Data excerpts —
————————
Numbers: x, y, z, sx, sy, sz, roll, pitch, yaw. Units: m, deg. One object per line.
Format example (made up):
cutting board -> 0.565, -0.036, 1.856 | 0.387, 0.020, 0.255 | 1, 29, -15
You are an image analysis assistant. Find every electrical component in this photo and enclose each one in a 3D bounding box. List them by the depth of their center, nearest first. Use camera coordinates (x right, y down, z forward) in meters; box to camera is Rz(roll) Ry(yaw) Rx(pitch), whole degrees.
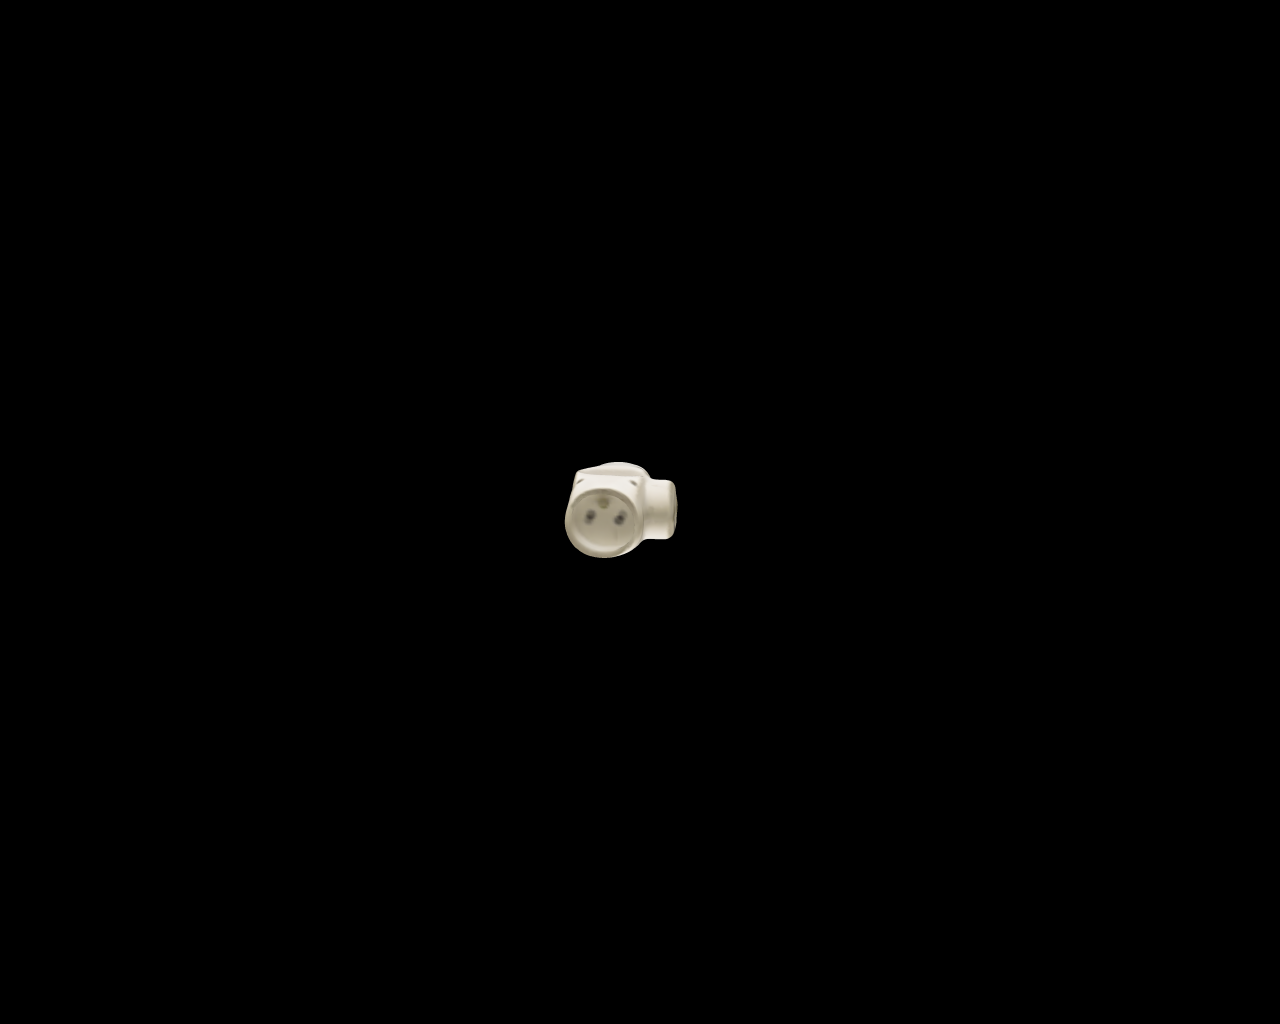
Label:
————————
EXERCISE AIM —
All lines from the one containing "cutting board ->" through the end of the data are to be restated exactly, with nothing else and without the pictures.

SOLUTION TO THIS EXERCISE —
cutting board -> 0.565, -0.036, 1.856 | 0.387, 0.020, 0.255 | 1, 29, -15
You are an image analysis assistant. Find every electrical component in this photo and enclose each one in a 3D bounding box. List them by the depth of their center, nearest first. Use camera coordinates (x right, y down, z forward) in meters; box to camera is Rz(roll) Ry(yaw) Rx(pitch), whole degrees.
Label:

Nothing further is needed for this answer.